Колокола смолкли. Народ расходился.

* * *

Утомленный и грустный шел Павел по пыльной улице. Вся она сплошь текла народом.

Ноги Павла болели, хотелось отдохнуть и в то же время было мучительно жалко, что всё пережитое сегодня уже позади… Люди разошлись, единый монолит распался на мелкие, слабые, ничтожные пылинки.

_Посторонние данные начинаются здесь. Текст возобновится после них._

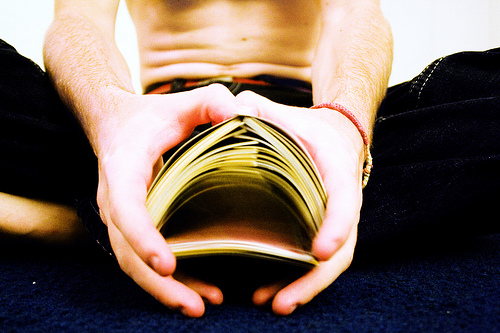<image>
Is there a man above the cards? Yes. The man is positioned above the cards in the vertical space, higher up in the scene.

— Сколько в каждом отдельном человеке героического и подлого, — думал Павел. — Повседневная жизнь смешивает эти несовместимые черты в самых причудливых сочетаниях и пропорциях. Когда люди собираются вместе на общее дело, это их облагораживает или портит. Когда масса собрана во имя добра, большие и ничтожно маленькие крупинки добра, заложенные в каждом человеке, складываются в грандиозное целое, а личные грехи тонут, теряются в этом целом. Поэтому под Бородиным или на Куликовом поле все были одинаковыми героями, поэтому русское воинство всегда верило, что оно православное и христолюбивое и, действительно, было им. Но тот же закон действителен и для зла. Людское стадо, собранное на злое дело, беспощаднее и преступнее личностей, являющихся его слагаемыми. Поэтому та же самая толпа сегодня на похоронах патриарха была православным русским народом. Завтра ее погонят с красными знаменами на Красную площадь и она будет безнациональным мировым пролетариатом.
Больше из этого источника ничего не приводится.